Here, we introduce a strategy to systematically evaluate potential functions of predicted BGCs by superimposing their locations on metabolite quantitative trait loci (mQTLs). We show the feasibility of such an approach by integrating automated BGC prediction with mQTL datasets originating from a recombinant inbred line (RIL) population of Oryza sativa and a genome-wide association study (GWAS) of Arabidopsis thaliana. In these data, we identified several links for which the enzyme content of the BGCs matches well with the chemical features observed in the metabolite structure, suggesting that this method can effectively guide bioprospecting of plant BGCs.

Plant specialized metabolism is the source of hundreds of thousands of natural products. These molecules play key roles in plant development and ecology as, e.g., defense agents and signals, and are broadly applied as medicines, dyes, flavorings and cosmetics. With the sequencing of hundreds of plant genomes, genome mining has become a new strategy to uncover the biosynthetic pathways towards known molecules of interest as well as to identify pathways towards novel compounds [1]. The recent discovery that significant numbers of plant metabolic pathways are encoded by physically clustered genes further facilitates the genome mining process, as it enables rapid identification of candidate pathways from genome sequences alone [2]. Multiple tools have become available that automate the identification of these biosynthetic gene clusters (BGCs) in plant genomes [3,4,5]. Moreover, synthetic biology platforms have been developed for (transient) heterologous expression of such gene clusters in, e.g., tobacco and yeast, which allows relatively fast experimental exploration of plant’s biosynthetic potential [6,7,8].

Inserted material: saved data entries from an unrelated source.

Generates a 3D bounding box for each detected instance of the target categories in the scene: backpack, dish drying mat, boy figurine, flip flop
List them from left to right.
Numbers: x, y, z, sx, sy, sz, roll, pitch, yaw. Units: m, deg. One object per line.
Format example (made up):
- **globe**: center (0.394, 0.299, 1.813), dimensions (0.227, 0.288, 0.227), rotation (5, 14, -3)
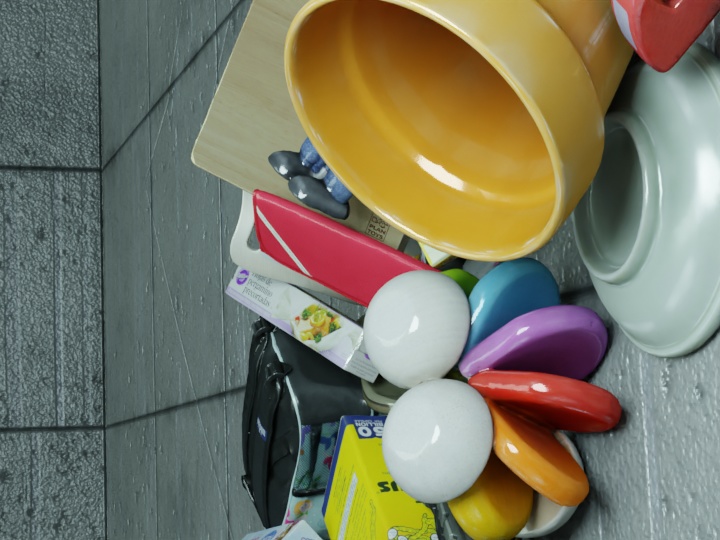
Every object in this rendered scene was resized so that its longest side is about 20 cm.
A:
- **backpack**: center (-0.042, 0.154, 1.534), dimensions (0.178, 0.149, 0.202), rotation (-117, 35, -55)
- **dish drying mat**: center (0.000, 0.000, 1.274), dimensions (0.199, 0.018, 0.077), rotation (27, 143, 23)
- **boy figurine**: center (0.020, -0.131, 1.193), dimensions (0.200, 0.064, 0.125), rotation (-51, 48, 20)
- **flip flop**: center (0.038, 0.073, 1.418), dimensions (0.200, 0.080, 0.058), rotation (-115, 28, -63)

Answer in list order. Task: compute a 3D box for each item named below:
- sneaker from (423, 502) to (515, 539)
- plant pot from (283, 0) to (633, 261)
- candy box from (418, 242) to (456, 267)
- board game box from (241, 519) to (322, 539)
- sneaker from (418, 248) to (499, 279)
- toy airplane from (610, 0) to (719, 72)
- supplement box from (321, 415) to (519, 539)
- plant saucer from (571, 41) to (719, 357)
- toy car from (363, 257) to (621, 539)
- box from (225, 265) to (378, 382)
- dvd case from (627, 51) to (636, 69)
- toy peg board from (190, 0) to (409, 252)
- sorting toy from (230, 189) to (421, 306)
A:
- **sneaker**: center (0.089, 0.177, 1.215), dimensions (0.201, 0.078, 0.076), rotation (-103, 10, -55)
- **plant pot**: center (0.084, -0.141, 1.005), dimensions (0.184, 0.200, 0.200), rotation (-49, -3, -30)
- **candy box**: center (0.051, -0.114, 1.235), dimensions (0.201, 0.102, 0.026), rotation (63, -162, 14)
- **board game box**: center (-0.023, 0.314, 1.459), dimensions (0.200, 0.041, 0.200), rotation (47, 159, -3)
- **sneaker**: center (0.075, -0.021, 1.308), dimensions (0.087, 0.079, 0.202), rotation (-104, 26, -65)
- **toy airplane**: center (0.181, -0.227, 0.877), dimensions (0.200, 0.140, 0.202), rotation (149, 120, -69)
- **supplement box**: center (0.050, 0.220, 1.321), dimensions (0.201, 0.108, 0.110), rotation (-115, 31, -51)
- **plant saucer**: center (0.177, -0.046, 1.031), dimensions (0.200, 0.050, 0.203), rotation (-179, 90, -71)
- **toy car**: center (0.105, 0.079, 1.124), dimensions (0.149, 0.174, 0.202), rotation (-28, 56, 30)
- **box**: center (-0.048, 0.041, 1.436), dimensions (0.199, 0.041, 0.039), rotation (29, 90, 50)
- **dvd case**: center (0.151, -0.169, 1.159), dimensions (0.201, 0.022, 0.147), rotation (110, 154, -44)
- **toy peg board**: center (-0.002, -0.137, 1.328), dimensions (0.201, 0.199, 0.098), rotation (-67, -21, 10)
- **sorting toy**: center (-0.021, -0.058, 1.403), dimensions (0.107, 0.178, 0.202), rotation (-80, -6, -79)

However, heterologous expression of BGCs still entails a significant amount of work. Moreover, it appears that a substantial proportion of predicted gene clusters may not be bona fide BGCs; in such cases, multiple enzyme-coding genes—while located adjacently on the chromosome and therefore triggering BGC prediction—do not in fact encode subsequent catalytic steps in one and the same pathway, and their transcription is not co-regulated. Indeed, Wisecaver et al. reported limited overlap between BGCs and coexpression modules they obtained from large-scale transcriptomics data [9] (although they predicted these BGCs with methods not specifically designed for plants). Similarly, Kautsar et al. found that strong coexpression within a BGC could be detected for around 25% of the gene clusters predicted in Arabidopsis thaliana [4]. They identified two cases in which enzyme-coding genes within predicted BGCs clearly encoded unrelated steps in glucosinolate biosynthesis.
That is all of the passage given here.